Most quarters, however, I still do a bunch of walking during my FMD-ing.  But as my previously-mentioned knee tweak is still on the mend, without really meaning to, I’d also temporarily dropped from my usual daily 10-15k steps to just whatever bare minimum of limpy walking was required to get to work or meals or move around indoors.  Thus, for the final days of last week I was barely moving, and over the weekend, I pretty much wasn’t moving at all.

Early this year, when I started having back pain, I traced it to a similar walking fall-off, and ‘miraculously’ cured myself just by starting doing sufficient daily walking again.  But, apparently, I’m a slow learner.  Or, conversely, maybe I didn’t realize how quickly the absence of walking could be felt—especially if I’m also not pushing myself in the gym.

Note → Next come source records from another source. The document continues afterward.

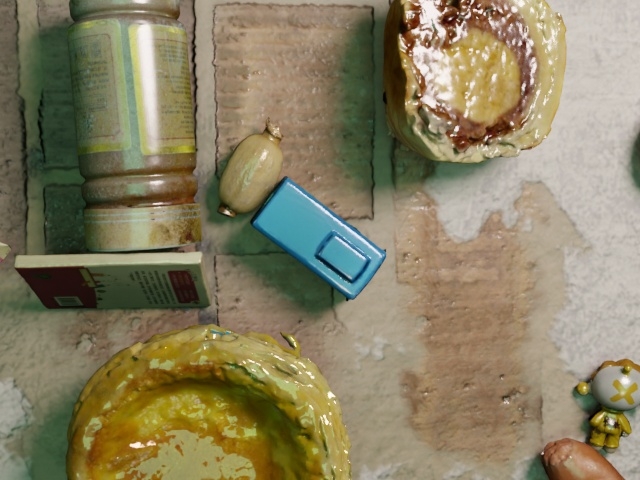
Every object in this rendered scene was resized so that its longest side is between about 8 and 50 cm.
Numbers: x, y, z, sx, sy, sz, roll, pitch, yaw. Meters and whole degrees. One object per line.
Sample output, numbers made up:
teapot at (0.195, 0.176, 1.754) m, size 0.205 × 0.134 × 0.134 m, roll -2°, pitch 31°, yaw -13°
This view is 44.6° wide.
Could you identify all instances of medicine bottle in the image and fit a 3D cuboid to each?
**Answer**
medicine bottle at (-0.241, -0.152, 1.016) m, size 0.151 × 0.151 × 0.323 m, roll -4°, pitch 95°, yaw -3°

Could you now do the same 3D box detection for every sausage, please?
sausage at (0.473, 0.449, 1.143) m, size 0.419 × 0.094 × 0.094 m, roll 49°, pitch 52°, yaw -5°

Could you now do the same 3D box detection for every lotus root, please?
lotus root at (-0.094, -0.096, 1.075) m, size 0.073 × 0.062 × 0.150 m, roll 30°, pitch 94°, yaw -6°

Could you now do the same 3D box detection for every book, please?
book at (-0.266, 0.056, 1.036) m, size 0.231 × 0.162 × 0.022 m, roll -2°, pitch 66°, yaw -4°

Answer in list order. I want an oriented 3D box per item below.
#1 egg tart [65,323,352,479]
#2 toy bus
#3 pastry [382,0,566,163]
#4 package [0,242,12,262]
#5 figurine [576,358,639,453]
egg tart at (-0.142, 0.292, 1.048) m, size 0.387 × 0.169 × 0.388 m, roll 0°, pitch 91°, yaw -1°
toy bus at (0.000, 0.000, 1.068) m, size 0.184 × 0.106 × 0.090 m, roll 37°, pitch 90°, yaw -6°
pastry at (0.185, -0.227, 1.036) m, size 0.236 × 0.170 × 0.256 m, roll -2°, pitch 91°, yaw -23°
package at (-0.471, 0.003, 1.079) m, size 0.059 × 0.029 × 0.083 m, roll -44°, pitch 86°, yaw 8°
figurine at (0.422, 0.239, 1.139) m, size 0.101 × 0.068 × 0.143 m, roll 33°, pitch 109°, yaw 1°
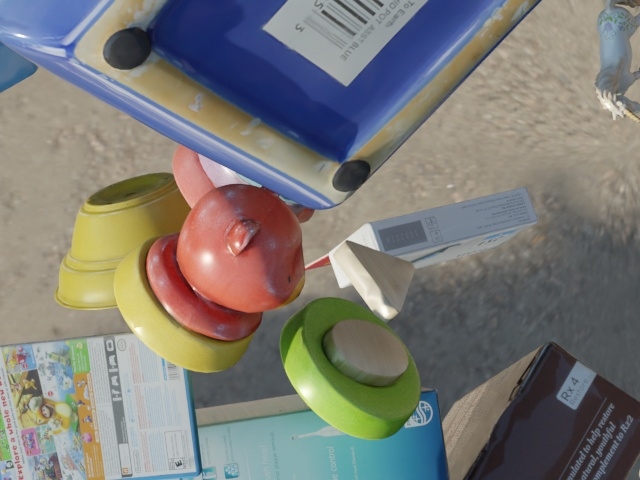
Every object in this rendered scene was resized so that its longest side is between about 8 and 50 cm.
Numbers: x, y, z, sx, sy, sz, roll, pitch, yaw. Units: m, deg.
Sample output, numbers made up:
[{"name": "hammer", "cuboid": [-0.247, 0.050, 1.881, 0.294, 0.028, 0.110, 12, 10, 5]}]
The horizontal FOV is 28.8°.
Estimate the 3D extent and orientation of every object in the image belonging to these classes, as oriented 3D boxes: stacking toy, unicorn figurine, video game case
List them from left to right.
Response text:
[{"name": "video game case", "cuboid": [-0.182, 0.135, 0.992, 0.166, 0.015, 0.119, -6, 94, 6]}, {"name": "stacking toy", "cuboid": [0.000, 0.000, 1.041, 0.280, 0.309, 0.130, 32, 124, -16]}, {"name": "unicorn figurine", "cuboid": [0.312, -0.183, 1.288, 0.060, 0.111, 0.161, -18, 83, 35]}]

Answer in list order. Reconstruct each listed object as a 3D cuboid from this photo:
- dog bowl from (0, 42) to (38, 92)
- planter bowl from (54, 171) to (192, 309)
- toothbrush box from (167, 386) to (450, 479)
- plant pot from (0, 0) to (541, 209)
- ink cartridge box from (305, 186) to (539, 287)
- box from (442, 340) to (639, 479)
[{"name": "dog bowl", "cuboid": [-0.195, -0.163, 0.829, 0.297, 0.166, 0.074, -33, 82, -12]}, {"name": "planter bowl", "cuboid": [-0.186, -0.014, 1.301, 0.217, 0.217, 0.090, -11, 109, 14]}, {"name": "toothbrush box", "cuboid": [-0.047, 0.214, 1.167, 0.296, 0.216, 0.126, -6, 87, -9]}, {"name": "plant pot", "cuboid": [-0.025, -0.163, 0.564, 0.236, 0.236, 0.212, -45, 46, 16]}, {"name": "ink cartridge box", "cuboid": [0.145, 0.011, 1.925, 0.296, 0.261, 0.066, -13, 78, -29]}, {"name": "box", "cuboid": [0.197, 0.252, 1.336, 0.143, 0.381, 0.191, 33, 73, 4]}]
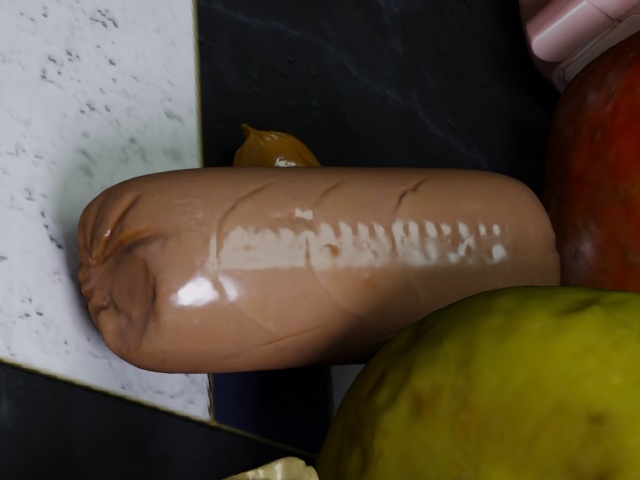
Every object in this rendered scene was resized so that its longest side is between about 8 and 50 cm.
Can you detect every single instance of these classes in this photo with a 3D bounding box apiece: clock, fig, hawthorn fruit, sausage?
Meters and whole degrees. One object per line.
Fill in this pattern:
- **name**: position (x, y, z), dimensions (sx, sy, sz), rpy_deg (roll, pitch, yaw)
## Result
- **clock**: position (0.247, -0.223, 1.602), dimensions (0.227, 0.142, 0.241), rpy_deg (28, 39, -37)
- **fig**: position (0.157, 0.188, 1.079), dimensions (0.343, 0.343, 0.343), rpy_deg (27, 49, -36)
- **hawthorn fruit**: position (0.285, -0.034, 1.425), dimensions (0.284, 0.284, 0.284), rpy_deg (27, 49, -36)
- **sausage**: position (0.002, 0.016, 1.130), dimensions (0.304, 0.121, 0.121), rpy_deg (-2, 68, -31)
- **sausage**: position (0.000, 0.000, 1.232), dimensions (0.062, 0.054, 0.183), rpy_deg (-35, 99, -22)

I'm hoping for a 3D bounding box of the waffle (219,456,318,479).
- **waffle**: position (-0.080, 0.247, 0.908), dimensions (0.247, 0.055, 0.221), rpy_deg (-18, 82, -24)
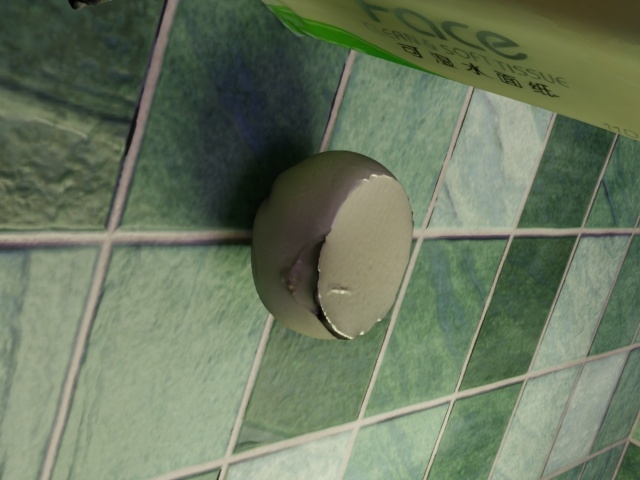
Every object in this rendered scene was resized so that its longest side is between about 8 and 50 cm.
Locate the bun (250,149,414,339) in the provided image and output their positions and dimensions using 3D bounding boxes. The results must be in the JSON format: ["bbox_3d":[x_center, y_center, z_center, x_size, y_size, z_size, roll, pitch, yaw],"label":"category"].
[{"bbox_3d":[0.000,0.000,0.971,0.173,0.120,0.172,-27,124,-48],"label":"bun"}]

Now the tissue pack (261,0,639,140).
[{"bbox_3d":[0.162,-0.274,0.749,0.205,0.405,0.331,34,83,-55],"label":"tissue pack"}]

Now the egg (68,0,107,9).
[{"bbox_3d":[-0.048,-0.334,0.490,0.354,0.355,0.339,-41,116,-33],"label":"egg"}]
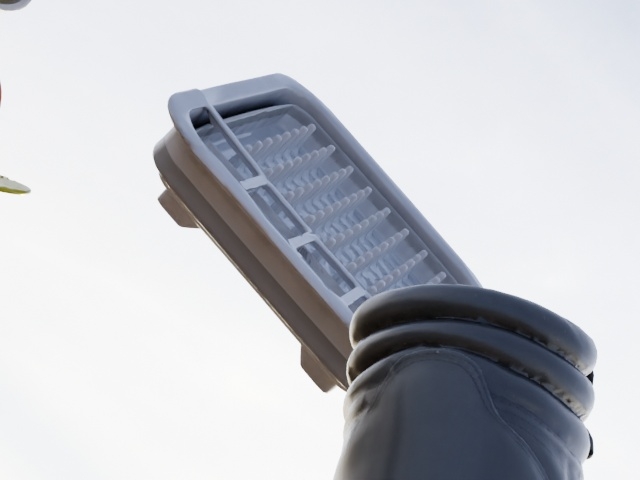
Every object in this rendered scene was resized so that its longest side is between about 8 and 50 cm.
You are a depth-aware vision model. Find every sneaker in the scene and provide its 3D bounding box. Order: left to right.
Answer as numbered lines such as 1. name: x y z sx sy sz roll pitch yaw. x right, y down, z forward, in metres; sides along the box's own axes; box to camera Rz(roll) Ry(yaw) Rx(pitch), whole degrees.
1. sneaker: 0.069 0.117 0.679 0.104 0.147 0.296 4 -27 15

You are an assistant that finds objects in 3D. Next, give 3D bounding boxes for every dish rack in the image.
1. dish rack: 0.000 0.000 1.392 0.285 0.072 0.333 48 19 5

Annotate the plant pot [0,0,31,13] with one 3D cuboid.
1. plant pot: -0.165 -0.166 0.534 0.236 0.032 0.236 59 9 -15

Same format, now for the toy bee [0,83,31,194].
1. toy bee: -0.330 -0.038 1.268 0.195 0.298 0.162 35 18 -42
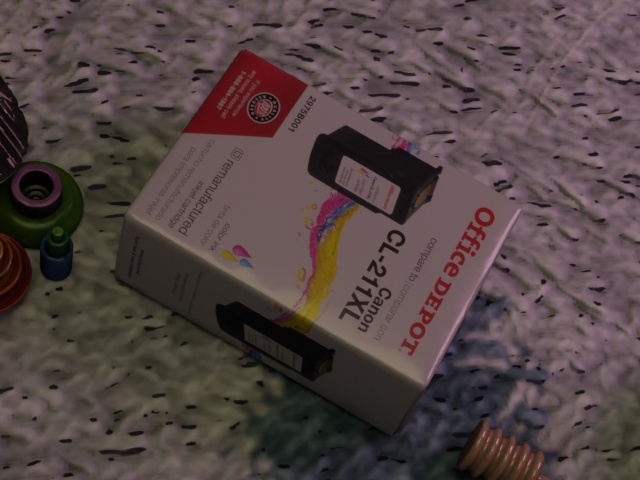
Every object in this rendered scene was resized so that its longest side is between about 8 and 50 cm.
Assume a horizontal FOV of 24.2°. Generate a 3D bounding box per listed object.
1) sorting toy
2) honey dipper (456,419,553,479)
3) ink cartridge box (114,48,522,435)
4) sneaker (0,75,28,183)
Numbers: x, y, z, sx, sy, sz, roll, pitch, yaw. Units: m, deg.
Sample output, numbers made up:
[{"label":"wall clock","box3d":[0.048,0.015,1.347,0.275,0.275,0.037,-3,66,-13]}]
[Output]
[{"label":"sorting toy","box3d":[-0.156,-0.006,0.773,0.061,0.042,0.102,27,61,2]},{"label":"honey dipper","box3d":[0.147,0.144,0.770,0.160,0.030,0.030,29,61,1]},{"label":"ink cartridge box","box3d":[0.000,0.000,0.786,0.175,0.072,0.127,29,60,4]},{"label":"sneaker","box3d":[-0.224,-0.026,0.750,0.081,0.094,0.208,51,37,-23]}]
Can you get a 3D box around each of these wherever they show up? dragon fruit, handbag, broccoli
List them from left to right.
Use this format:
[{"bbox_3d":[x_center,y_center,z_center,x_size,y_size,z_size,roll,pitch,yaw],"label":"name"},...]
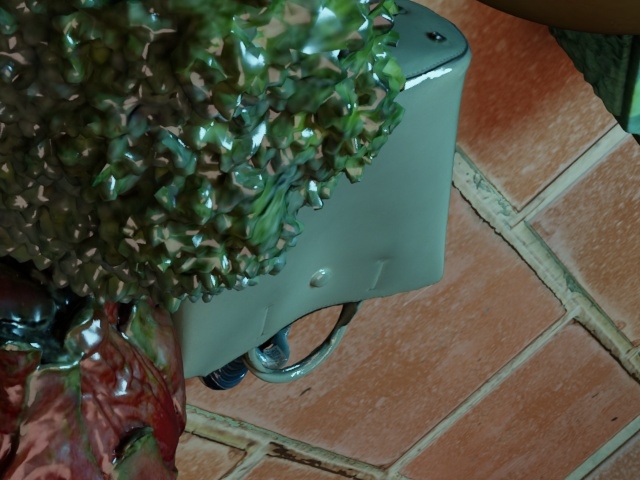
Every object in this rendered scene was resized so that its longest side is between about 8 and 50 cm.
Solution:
[{"bbox_3d":[-0.191,0.087,0.685,0.244,0.244,0.299,-25,166,-23],"label":"dragon fruit"},{"bbox_3d":[-0.094,-0.116,0.518,0.235,0.260,0.288,-4,136,-26],"label":"broccoli"},{"bbox_3d":[0.000,0.000,0.862,0.241,0.109,0.315,-19,132,-26],"label":"handbag"}]

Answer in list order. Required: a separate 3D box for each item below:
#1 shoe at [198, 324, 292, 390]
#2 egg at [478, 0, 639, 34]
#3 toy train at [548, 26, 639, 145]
[{"bbox_3d":[-0.052,0.076,1.017,0.064,0.071,0.143,-5,138,-46],"label":"shoe"},{"bbox_3d":[0.154,-0.246,0.549,0.374,0.301,0.301,-26,151,-45],"label":"egg"},{"bbox_3d":[0.290,-0.216,0.916,0.238,0.167,0.299,-23,148,-9],"label":"toy train"}]
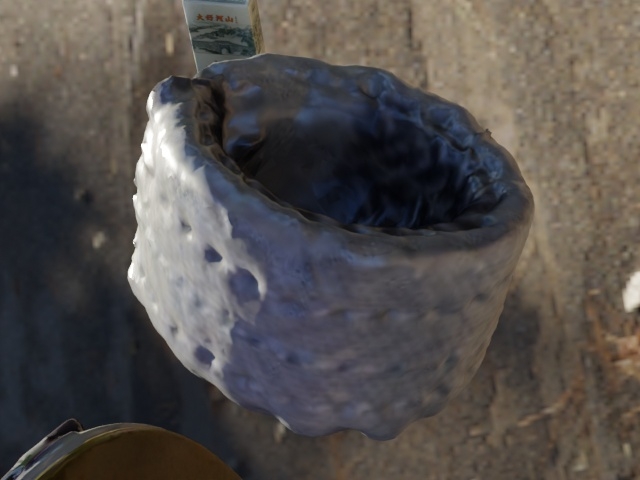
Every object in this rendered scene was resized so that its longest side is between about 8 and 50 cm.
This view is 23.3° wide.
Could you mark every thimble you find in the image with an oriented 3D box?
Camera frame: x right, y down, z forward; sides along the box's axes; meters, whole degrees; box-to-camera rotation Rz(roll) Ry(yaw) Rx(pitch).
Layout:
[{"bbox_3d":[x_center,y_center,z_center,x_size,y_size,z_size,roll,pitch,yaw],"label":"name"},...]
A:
[{"bbox_3d":[0.000,0.000,0.972,0.245,0.217,0.157,27,127,18],"label":"thimble"}]

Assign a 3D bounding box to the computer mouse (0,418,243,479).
[{"bbox_3d":[-0.057,0.194,0.614,0.072,0.158,0.310,19,151,32],"label":"computer mouse"}]

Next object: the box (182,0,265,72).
[{"bbox_3d":[-0.073,-0.159,1.203,0.083,0.054,0.024,81,-158,-49],"label":"box"}]
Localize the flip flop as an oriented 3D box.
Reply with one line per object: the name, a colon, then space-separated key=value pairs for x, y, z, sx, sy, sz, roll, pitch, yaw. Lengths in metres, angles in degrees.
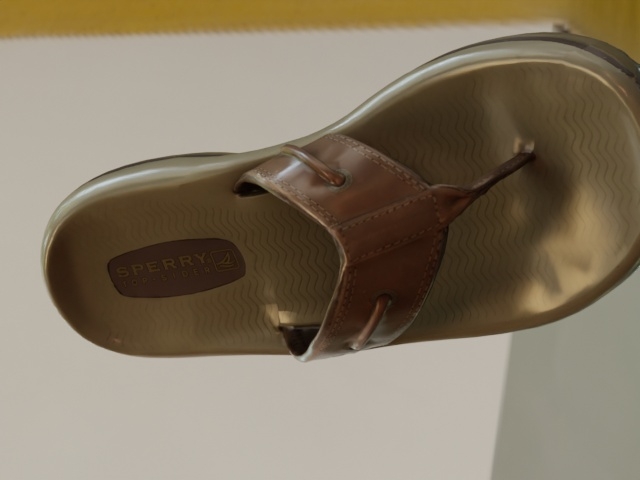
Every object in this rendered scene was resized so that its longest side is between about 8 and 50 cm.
flip flop: x=0.000 y=0.000 z=0.545 sx=0.277 sy=0.080 sz=0.112 roll=-10 pitch=-74 yaw=26
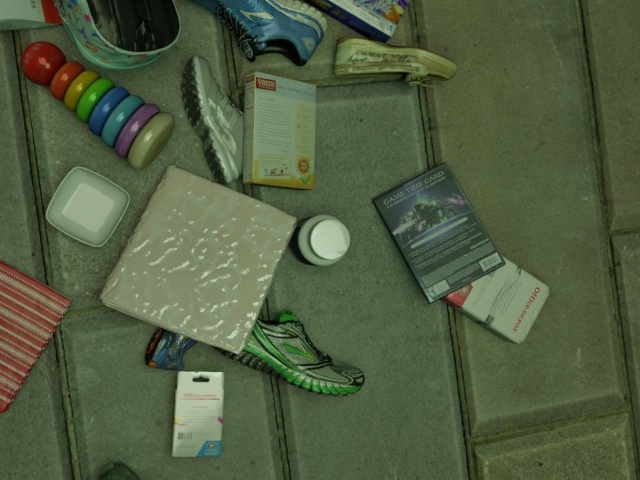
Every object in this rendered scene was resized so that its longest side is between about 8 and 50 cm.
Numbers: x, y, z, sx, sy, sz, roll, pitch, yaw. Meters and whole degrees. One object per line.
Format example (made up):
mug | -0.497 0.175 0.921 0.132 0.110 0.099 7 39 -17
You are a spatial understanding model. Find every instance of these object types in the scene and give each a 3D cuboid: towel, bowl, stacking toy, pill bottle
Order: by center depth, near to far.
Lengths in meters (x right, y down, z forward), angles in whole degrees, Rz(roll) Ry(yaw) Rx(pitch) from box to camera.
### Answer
towel | -0.669 0.195 1.461 0.199 0.031 0.275 31 81 -8
stacking toy | -0.474 -0.291 1.473 0.330 0.141 0.141 34 82 -3
towel | -0.247 0.038 1.486 0.317 0.053 0.332 22 70 3
bowl | -0.489 -0.069 1.494 0.142 0.053 0.142 30 83 -11
pill bottle | 0.000 0.000 1.533 0.112 0.186 0.112 0 89 -12

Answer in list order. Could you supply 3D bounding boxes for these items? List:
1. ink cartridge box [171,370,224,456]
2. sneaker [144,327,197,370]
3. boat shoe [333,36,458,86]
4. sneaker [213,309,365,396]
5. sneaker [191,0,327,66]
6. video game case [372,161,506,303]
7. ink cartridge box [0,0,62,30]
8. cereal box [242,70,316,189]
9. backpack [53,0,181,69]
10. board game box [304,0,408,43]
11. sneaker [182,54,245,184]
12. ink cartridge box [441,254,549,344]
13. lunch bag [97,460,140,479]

Indeed, by Saturday night, I got in bed, and spent several hours staring at the ceiling before I was finally able to fall asleep.  And then, on Sunday, despite being super tired all day, I again got in bed and couldn’t fall asleep, this time for pretty much the entire night, watching the time slowly tick by in fifteen minute increments until I gave up and groggily got out of bed at 5am.

By Monday, I felt terrible.  But I was also at least just smart enough to have identified potential cause and effect.  So, I got in at least 7500 steps, tweaky knee be damned.  And I made it to the gym for a short workout, easing back into light squats, presses, and deadlifts.

Monday evening, I was out cold almost before my head hit the pillow.  And then slept like a log for eight and a half hours straight.

So, if your own sleep is less stellar than you might hope, consider adding some movement into your day.  Even thirty minutes of fast walking makes a big difference for me, and that’s a small amount of time to invest for seven or eight far-more-pleasant hours of snoozing in exchange.